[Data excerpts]

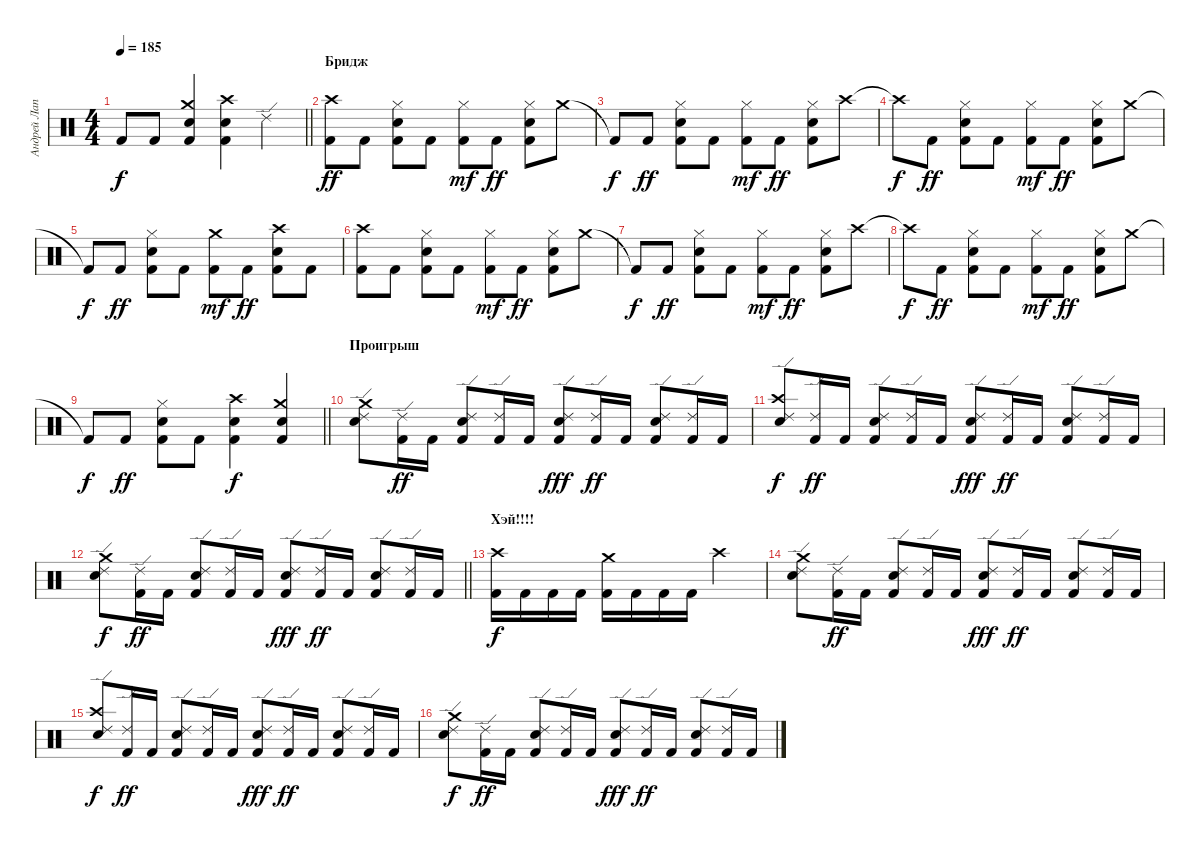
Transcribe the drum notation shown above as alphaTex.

\track ("Андрей Лаптев" "Андрей Лап") {instrument percussion}
\staff {score}
\articulation defaults
\ts (4 4)
\tempo 185
\clef neutral
\barLineRight lightlight
\ks c "Kick (hit) 2".8{dy f} "Kick (hit) 2".8
("Kick (hit) 2" "Crash medium (hit)" "Electric Snare (hit)").4 ("Electric Snare (hit)" "Crash high (hit)" "Kick (hit) 2").4 "Ride (edge) 2".4 |
\section ("" "Бридж")
("Crash high (hit)" "Kick (hit) 2").8{dy ff} "Kick (hit) 2".8 ("Hi-Hat (closed)" "Electric Snare (hit)" "Kick (hit) 2").8 "Kick (hit) 2".8 ("Kick (hit) 2" "Hi-Hat (closed)").8{dy mf} "Kick (hit) 2".8{dy ff} ("Electric Snare (hit)" "Hi-Hat (closed)" "Kick (hit) 2").8 "Crash medium (hit)".8 |
"Kick (hit) 2"{t}.8{dy f} "Kick (hit) 2".8{dy ff} ("Electric Snare (hit)" "Hi-Hat (closed)" "Kick (hit) 2").8 "Kick (hit) 2".8 ("Kick (hit) 2" "Hi-Hat (closed)").8{dy mf} "Kick (hit) 2".8{dy ff} ("Hi-Hat (closed)" "Electric Snare (hit)" "Kick (hit) 2").8 "Crash high (hit)".8 |
"Crash high (hit)"{t}.8{dy f} "Kick (hit) 2".8{dy ff} ("Hi-Hat (closed)" "Electric Snare (hit)" "Kick (hit) 2").8 "Kick (hit) 2".8 ("Kick (hit) 2" "Hi-Hat (closed)").8{dy mf} "Kick (hit) 2".8{dy ff} ("Electric Snare (hit)" "Hi-Hat (closed)" "Kick (hit) 2").8 "Crash medium (hit)".8 |
"Kick (hit) 2"{t}.8{dy f} "Kick (hit) 2".8{dy ff} ("Electric Snare (hit)" "Hi-Hat (closed)" "Kick (hit) 2").8 "Kick (hit) 2".8 ("Kick (hit) 2" "Crash medium (hit)").8{dy mf} "Kick (hit) 2".8{dy ff} ("Crash high (hit)" "Electric Snare (hit)" "Kick (hit) 2").8 "Kick (hit) 2".8 |
("Crash high (hit)" "Kick (hit) 2").8 "Kick (hit) 2".8 ("Hi-Hat (closed)" "Electric Snare (hit)" "Kick (hit) 2").8 "Kick (hit) 2".8 ("Kick (hit) 2" "Hi-Hat (closed)").8{dy mf} "Kick (hit) 2".8{dy ff} ("Electric Snare (hit)" "Hi-Hat (closed)" "Kick (hit) 2").8 "Crash medium (hit)".8 |
"Kick (hit) 2"{t}.8{dy f} "Kick (hit) 2".8{dy ff} ("Electric Snare (hit)" "Hi-Hat (closed)" "Kick (hit) 2").8 "Kick (hit) 2".8 ("Kick (hit) 2" "Hi-Hat (closed)").8{dy mf} "Kick (hit) 2".8{dy ff} ("Hi-Hat (closed)" "Electric Snare (hit)" "Kick (hit) 2").8 "Crash high (hit)".8 |
"Crash high (hit)"{t}.8{dy f} "Kick (hit) 2".8{dy ff} ("Hi-Hat (closed)" "Electric Snare (hit)" "Kick (hit) 2").8 "Kick (hit) 2".8 ("Kick (hit) 2" "Hi-Hat (closed)").8{dy mf} "Kick (hit) 2".8{dy ff} ("Electric Snare (hit)" "Hi-Hat (closed)" "Kick (hit) 2").8 "Crash medium (hit)".8 |
\barLineRight lightlight "Kick (hit) 2"{t}.8{dy f} "Kick (hit) 2".8{dy ff}
("Electric Snare (hit)" "Hi-Hat (closed)" "Kick (hit) 2").8 "Kick (hit) 2".8 ("Electric Snare (hit)" "Crash high (hit)" "Kick (hit) 2").4{dy f} ("Electric Snare (hit)" "Crash medium (hit)" "Kick (hit) 2").4 |
\section ("" "Проигрыш")
("Ride (edge) 2" "Crash medium (hit)" "Electric Snare (hit)").8 ("Kick (hit) 2" "Ride (edge) 2").16{dy ff} "Kick (hit) 2".16 ("Kick (hit) 2" "Electric Snare (hit)" "Ride (edge) 2").8 ("Kick (hit) 2" "Ride (edge) 2").16 "Kick (hit) 2".16 ("Kick (hit) 2" "Ride (edge) 2" "Electric Snare (hit)").8{dy fff} ("Kick (hit) 2" "Ride (edge) 2").16{dy ff} "Kick (hit) 2".16 ("Ride (edge) 2" "Electric Snare (hit)" "Kick (hit) 2").8 ("Kick (hit) 2" "Ride (edge) 2").16 "Kick (hit) 2".16 |
("Ride (edge) 2" "Crash high (hit)" "Electric Snare (hit)").8{dy f} ("Kick (hit) 2" "Ride (edge) 2").16{dy ff} "Kick (hit) 2".16 ("Kick (hit) 2" "Electric Snare (hit)" "Ride (edge) 2").8 ("Kick (hit) 2" "Ride (edge) 2").16 "Kick (hit) 2".16 ("Kick (hit) 2" "Ride (edge) 2" "Electric Snare (hit)").8{dy fff} ("Kick (hit) 2" "Ride (edge) 2").16{dy ff} "Kick (hit) 2".16 ("Ride (edge) 2" "Electric Snare (hit)" "Kick (hit) 2").8 ("Kick (hit) 2" "Ride (edge) 2").16 "Kick (hit) 2".16 |
\barLineRight lightlight
("Ride (edge) 2" "Crash medium (hit)" "Electric Snare (hit)").8{dy f} ("Kick (hit) 2" "Ride (edge) 2").16{dy ff} "Kick (hit) 2".16 ("Kick (hit) 2" "Electric Snare (hit)" "Ride (edge) 2").8 ("Kick (hit) 2" "Ride (edge) 2").16 "Kick (hit) 2".16 ("Kick (hit) 2" "Ride (edge) 2" "Electric Snare (hit)").8{dy fff} ("Kick (hit) 2" "Ride (edge) 2").16{dy ff} "Kick (hit) 2".16 ("Ride (edge) 2" "Electric Snare (hit)" "Kick (hit) 2").8 ("Kick (hit) 2" "Ride (edge) 2").16 "Kick (hit) 2".16 |
\section ("" "Хэй!!!!")
("Kick (hit) 2" "Crash high (hit)").16{dy f} "Kick (hit) 2".16 "Kick (hit) 2".16 "Kick (hit) 2".16 ("Kick (hit) 2" "Crash medium (hit)").16 "Kick (hit) 2".16 "Kick (hit) 2".16 "Kick (hit) 2".16 "Crash high (hit)".2 |
("Ride (edge) 2" "Crash medium (hit)" "Electric Snare (hit)").8 ("Kick (hit) 2" "Ride (edge) 2").16{dy ff} "Kick (hit) 2".16 ("Kick (hit) 2" "Electric Snare (hit)" "Ride (edge) 2").8 ("Kick (hit) 2" "Ride (edge) 2").16 "Kick (hit) 2".16 ("Kick (hit) 2" "Ride (edge) 2" "Electric Snare (hit)").8{dy fff} ("Kick (hit) 2" "Ride (edge) 2").16{dy ff} "Kick (hit) 2".16 ("Ride (edge) 2" "Electric Snare (hit)" "Kick (hit) 2").8 ("Kick (hit) 2" "Ride (edge) 2").16 "Kick (hit) 2".16 |
("Ride (edge) 2" "Crash high (hit)" "Electric Snare (hit)").8{dy f} ("Kick (hit) 2" "Ride (edge) 2").16{dy ff} "Kick (hit) 2".16 ("Kick (hit) 2" "Electric Snare (hit)" "Ride (edge) 2").8 ("Kick (hit) 2" "Ride (edge) 2").16 "Kick (hit) 2".16 ("Kick (hit) 2" "Ride (edge) 2" "Electric Snare (hit)").8{dy fff} ("Kick (hit) 2" "Ride (edge) 2").16{dy ff} "Kick (hit) 2".16 ("Ride (edge) 2" "Electric Snare (hit)" "Kick (hit) 2").8 ("Kick (hit) 2" "Ride (edge) 2").16 "Kick (hit) 2".16 |
("Ride (edge) 2" "Crash medium (hit)" "Electric Snare (hit)").8{dy f} ("Kick (hit) 2" "Ride (edge) 2").16{dy ff} "Kick (hit) 2".16 ("Kick (hit) 2" "Electric Snare (hit)" "Ride (edge) 2").8 ("Kick (hit) 2" "Ride (edge) 2").16 "Kick (hit) 2".16 ("Kick (hit) 2" "Ride (edge) 2" "Electric Snare (hit)").8{dy fff} ("Kick (hit) 2" "Ride (edge) 2").16{dy ff} "Kick (hit) 2".16 ("Ride (edge) 2" "Electric Snare (hit)" "Kick (hit) 2").8 ("Kick (hit) 2" "Ride (edge) 2").16 "Kick (hit) 2".16

# AIM OF THE TASK
Wherever a line in the data above holds the word "section", copy that line.

# TASK OUTPUT
\section ("" "Бридж")
\section ("" "Проигрыш")
\section ("" "Хэй!!!!")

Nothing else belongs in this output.